Yasine Sadiat expresses the view of a young employee. One of 12 children, and now aged 23, he has risen through the hotel ranks to become Assistant Head Waiter. "A lot of my friends work here" he says. "We see it as a good opportunity to learn languages and to meet people.

"We still have sheep, chickens, goats and a donkey at home, but my father has a shop and someone else keeps an eye on the animals. My ambition? To improve my English and to climb higher up the hotel ladder."

Another group of employees have formed themselves into a social committee to provide voluntary entertainment to the guests in the Bustan, or village square, where once Abu Firas' father's olive trees grew. (Today there are fig trees and roses in the square, as well as a herb garden and olives). The young waiters dress in black trousers and belted tunics, with Bedouin headresses and perform the traditional villages dances - the Dabkah, Samar, Jofieh and Dahieh - to the music of the ou'd (lute), flute and tablah.

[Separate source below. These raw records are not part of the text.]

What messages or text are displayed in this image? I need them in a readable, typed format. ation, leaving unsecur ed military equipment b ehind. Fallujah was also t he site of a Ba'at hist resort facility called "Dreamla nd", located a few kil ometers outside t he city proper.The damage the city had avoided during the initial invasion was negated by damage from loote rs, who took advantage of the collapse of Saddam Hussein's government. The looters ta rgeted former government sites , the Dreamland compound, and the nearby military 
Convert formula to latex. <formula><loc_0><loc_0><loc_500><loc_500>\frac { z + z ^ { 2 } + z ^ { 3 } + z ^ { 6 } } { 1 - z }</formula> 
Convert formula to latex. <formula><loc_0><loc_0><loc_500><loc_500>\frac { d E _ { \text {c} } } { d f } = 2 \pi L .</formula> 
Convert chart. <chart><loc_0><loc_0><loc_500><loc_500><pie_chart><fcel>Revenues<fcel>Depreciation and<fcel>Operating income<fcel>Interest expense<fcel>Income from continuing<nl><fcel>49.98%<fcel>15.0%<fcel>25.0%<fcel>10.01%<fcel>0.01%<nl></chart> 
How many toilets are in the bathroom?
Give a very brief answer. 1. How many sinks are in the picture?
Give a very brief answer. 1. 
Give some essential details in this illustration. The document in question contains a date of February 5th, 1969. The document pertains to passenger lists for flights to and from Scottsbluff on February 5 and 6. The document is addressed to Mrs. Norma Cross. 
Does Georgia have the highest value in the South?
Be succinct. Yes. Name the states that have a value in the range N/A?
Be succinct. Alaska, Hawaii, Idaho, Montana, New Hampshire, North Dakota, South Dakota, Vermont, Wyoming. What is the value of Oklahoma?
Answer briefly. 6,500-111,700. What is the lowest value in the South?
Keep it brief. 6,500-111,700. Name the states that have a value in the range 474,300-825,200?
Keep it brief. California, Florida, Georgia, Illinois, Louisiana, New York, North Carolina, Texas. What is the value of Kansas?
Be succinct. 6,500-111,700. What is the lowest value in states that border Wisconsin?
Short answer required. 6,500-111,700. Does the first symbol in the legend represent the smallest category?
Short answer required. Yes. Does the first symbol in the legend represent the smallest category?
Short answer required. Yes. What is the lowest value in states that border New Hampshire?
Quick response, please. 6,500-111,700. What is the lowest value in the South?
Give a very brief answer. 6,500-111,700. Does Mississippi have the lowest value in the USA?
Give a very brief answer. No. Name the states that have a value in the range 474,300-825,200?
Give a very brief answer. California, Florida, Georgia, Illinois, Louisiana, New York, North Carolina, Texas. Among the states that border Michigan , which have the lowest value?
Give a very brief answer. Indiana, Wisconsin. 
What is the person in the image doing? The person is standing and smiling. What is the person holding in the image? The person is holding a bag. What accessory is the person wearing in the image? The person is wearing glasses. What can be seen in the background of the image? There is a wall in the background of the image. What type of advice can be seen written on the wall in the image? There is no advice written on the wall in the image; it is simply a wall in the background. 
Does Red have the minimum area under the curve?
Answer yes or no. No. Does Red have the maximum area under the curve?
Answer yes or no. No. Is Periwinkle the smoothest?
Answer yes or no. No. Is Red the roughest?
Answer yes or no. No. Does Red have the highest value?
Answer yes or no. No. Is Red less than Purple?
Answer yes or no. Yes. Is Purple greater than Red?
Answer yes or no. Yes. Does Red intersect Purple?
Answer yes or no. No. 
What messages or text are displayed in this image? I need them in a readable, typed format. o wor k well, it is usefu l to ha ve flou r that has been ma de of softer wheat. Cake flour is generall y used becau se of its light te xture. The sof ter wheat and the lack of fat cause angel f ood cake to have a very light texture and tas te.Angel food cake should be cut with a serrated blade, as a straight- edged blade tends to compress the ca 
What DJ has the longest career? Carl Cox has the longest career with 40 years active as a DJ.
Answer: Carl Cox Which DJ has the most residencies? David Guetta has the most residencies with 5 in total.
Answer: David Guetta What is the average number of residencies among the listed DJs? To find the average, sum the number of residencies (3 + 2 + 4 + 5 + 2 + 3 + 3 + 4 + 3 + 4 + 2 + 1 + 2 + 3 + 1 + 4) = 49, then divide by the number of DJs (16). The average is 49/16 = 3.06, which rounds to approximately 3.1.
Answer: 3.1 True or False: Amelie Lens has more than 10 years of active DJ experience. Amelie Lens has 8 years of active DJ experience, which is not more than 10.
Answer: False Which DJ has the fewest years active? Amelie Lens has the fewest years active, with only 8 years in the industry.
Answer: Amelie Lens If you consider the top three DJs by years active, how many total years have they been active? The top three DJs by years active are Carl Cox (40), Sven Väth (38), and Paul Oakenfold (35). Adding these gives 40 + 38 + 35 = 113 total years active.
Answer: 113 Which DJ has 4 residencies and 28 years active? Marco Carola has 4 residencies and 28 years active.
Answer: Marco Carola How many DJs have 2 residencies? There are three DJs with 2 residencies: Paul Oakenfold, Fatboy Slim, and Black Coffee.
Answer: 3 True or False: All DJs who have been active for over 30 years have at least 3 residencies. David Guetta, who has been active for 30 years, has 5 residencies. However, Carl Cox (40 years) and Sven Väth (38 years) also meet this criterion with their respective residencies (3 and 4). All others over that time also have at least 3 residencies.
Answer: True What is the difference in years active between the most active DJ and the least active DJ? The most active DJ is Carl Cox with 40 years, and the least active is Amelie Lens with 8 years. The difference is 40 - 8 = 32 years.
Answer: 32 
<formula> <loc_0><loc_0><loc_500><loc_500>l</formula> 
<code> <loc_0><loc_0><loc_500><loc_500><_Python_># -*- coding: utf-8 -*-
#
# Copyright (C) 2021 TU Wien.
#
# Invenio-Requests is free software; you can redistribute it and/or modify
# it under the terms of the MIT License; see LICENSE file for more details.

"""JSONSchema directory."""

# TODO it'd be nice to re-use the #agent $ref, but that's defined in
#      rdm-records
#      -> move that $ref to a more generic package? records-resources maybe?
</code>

Their leader, Mahmoud Rawdieh, who works in the kitchens says he has no difficulty in recruiting performers and no shortage of engagements outside the hotel, at local weddings and festivals, as well as at the hotel.

Preserving culture

Credit for creating a holiday village, with every modern amenity, that still catches the simple beauty of an earlier world, must go to the team who planned, designed, built and now manage Taybet Zaman. A key member of that team is the chief architect, Leen Fakhoury, who has put her university teaching job in vernacular architecture to amazing effect. "We did not want to compromise on the authenticity of the village," she says. "We wanted people to have an experience of the real village environment, to retain the pattern of the buildings and of the internal space, with the thick walls and local stone for tiling and stone pathways. We wanted to project pockets of green, but to keep the harshness of the regional style."

Inevitably, there is something false in this fantasy world of the shopping souk, the Turkish bath and the photographic gallery where guests can dress up in Arab gear for their holiday snaps. But the craft skills are real, and the food is local.
Pottery
Working at a potters wheel
© Mark Edwards/Still Pictures


The water is processed and re-used to grow the tomatoes and cucumbers, and to water the new olive groves on the old terraces. Even the olive oil soap is locally made, and wrapped in recycled paper. And with only 105 rooms in 10 acres, there is space enough to quietly enjoy the old stones and the dry desert air.

Walking through the Bustan, down through the sandstone paths and the low honey-coloured walls to the swimming pool in the early morning, in this ancient landscape and with the last of the cocks still crowing in the morning sunshine, it is difficult to find fault with this attempt at high class conservation.

Leen Fakhoury, in a paper for UNESCO*, sums up the argument like this: "A few intellectuals may consider the re-use of the almost discarded part of the old village as an invasion and severe transformation of the traditional essence of the village," she writes. "But many others appreciate it, as an opportunity to bring back a new use for a deteriorated fabric and an opportunity for a sustainable tourist development, advocating the cultural heritage and the natural resources of the village."

But perhaps the last word should go to the Director of Archaeology at the next site being developed by JTI, the owning company of the deserted village of Nawafleh, just outside Petra. There Dr Khairieh 'Amr has found evidence of continuous habitation dating back to the Nabateans who built the ancient city of Petra 2,000 years ago. She has also dug up a Nabatean stone olive press, proving for the first time - and contrary to the writings of the Greek geographer, Strabo - that the Nabateans did cultivate olives. Now the press forms part of the museum that features in the new village, as at Taybet Zaman.

"Wadi Moussa (the Valley of Moses) used to be such a pleasant little place," she says. "Now, with the tourist boom so much of the valley has been turned into hotels and concrete. It is a real pity. Environmentally it is much more sound, to me, to use the existing buildings rather than to build new ones - especially when the new ones are usually so horrible."

*Culture, Tourism & Development, The Case of Jordan, 1995, the World Decade for Cultural Development, UNESCO.